Pub Date : 2024-02-08DOI: 10.1109/TLT.2024.3364015
Jiaqi Yin;Tiong-Thye Goh;Yi Hu
This study aimed to examine sustainable effects of chatbot-based formative feedback on intrinsic motivation, cognitive load, and learning performance. A longitudinal quasi-experimental design with 173 undergraduate students was conducted. The experiment is a between-subject design. Students either received formative feedback from a chatbot or a teacher. Utilizing linear mixed model and t-test for data analysis, results showed the following. First, chatbot-based feedback resulted in increased learning interest, perceived choice, and value while decreasing perceived pressure over time. Second, chatbot-based feedback was effective in reducing cognitive load, particularly when learning contents involved conceptual or difficult knowledge. Finally, chatbot-based feedback was found to be more efficient and effective in supporting the mastery of application-based knowledge compared with teacher-based feedback. This study has practical implications for the design of chatbots, and it also enriches the methods of providing ongoing formative feedback in large-scale classrooms.

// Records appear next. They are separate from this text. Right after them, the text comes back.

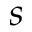<formula> <loc_0><loc_0><loc_500><loc_500>s</formula> 
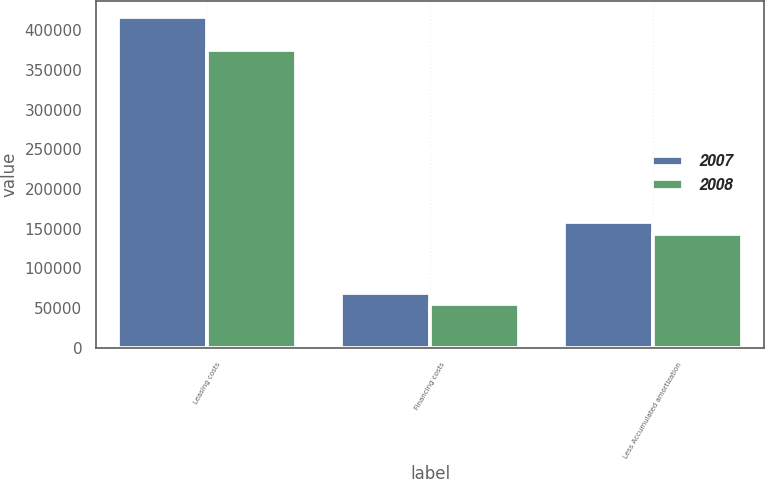<chart> <loc_0><loc_0><loc_500><loc_500><stacked_bar_chart><ecel><fcel>Leasing costs<fcel>Financing costs<fcel>Less Accumulated amortization<nl><fcel>2007<fcel>416299<fcel>68626<fcel>158524<nl><fcel>2008<fcel>375004<fcel>55580<fcel>143385<nl></chart> 
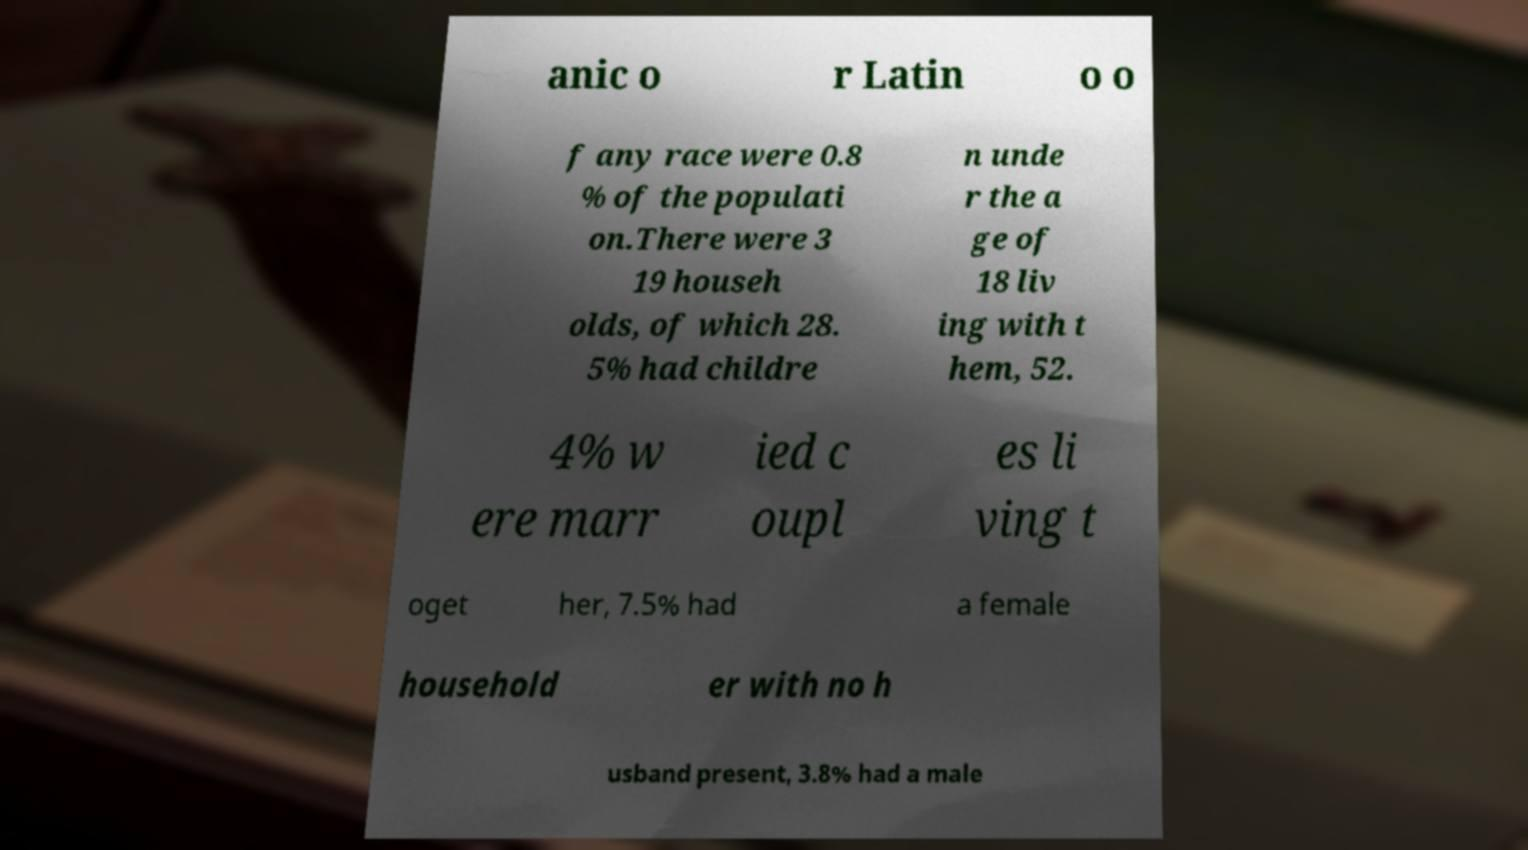What messages or text are displayed in this image? I need them in a readable, typed format. anic o r Latin o o f any race were 0.8 % of the populati on.There were 3 19 househ olds, of which 28. 5% had childre n unde r the a ge of 18 liv ing with t hem, 52. 4% w ere marr ied c oupl es li ving t oget her, 7.5% had a female household er with no h usband present, 3.8% had a male

本研究旨在考察基于聊天机器人的形成性反馈对内在动机、认知负荷和学习成绩的可持续影响。研究采用纵向准实验设计,共有 173 名本科生参加。实验采用被试间设计。学生可以从聊天机器人或教师那里获得形成性反馈。利用线性混合模型和 t 检验进行数据分析,结果显示如下。首先,随着时间的推移,基于聊天机器人的反馈提高了学习兴趣、感知选择和价值,同时降低了感知压力。其次,基于聊天机器人的反馈能有效减轻认知负荷,尤其是当学习内容涉及概念性或难度较大的知识时。最后,与基于教师的反馈相比,基于聊天机器人的反馈在支持掌握应用型知识方面更加高效和有效。这项研究对聊天机器人的设计具有实际意义,同时也丰富了在大规模课堂上提供持续性形成性反馈的方法。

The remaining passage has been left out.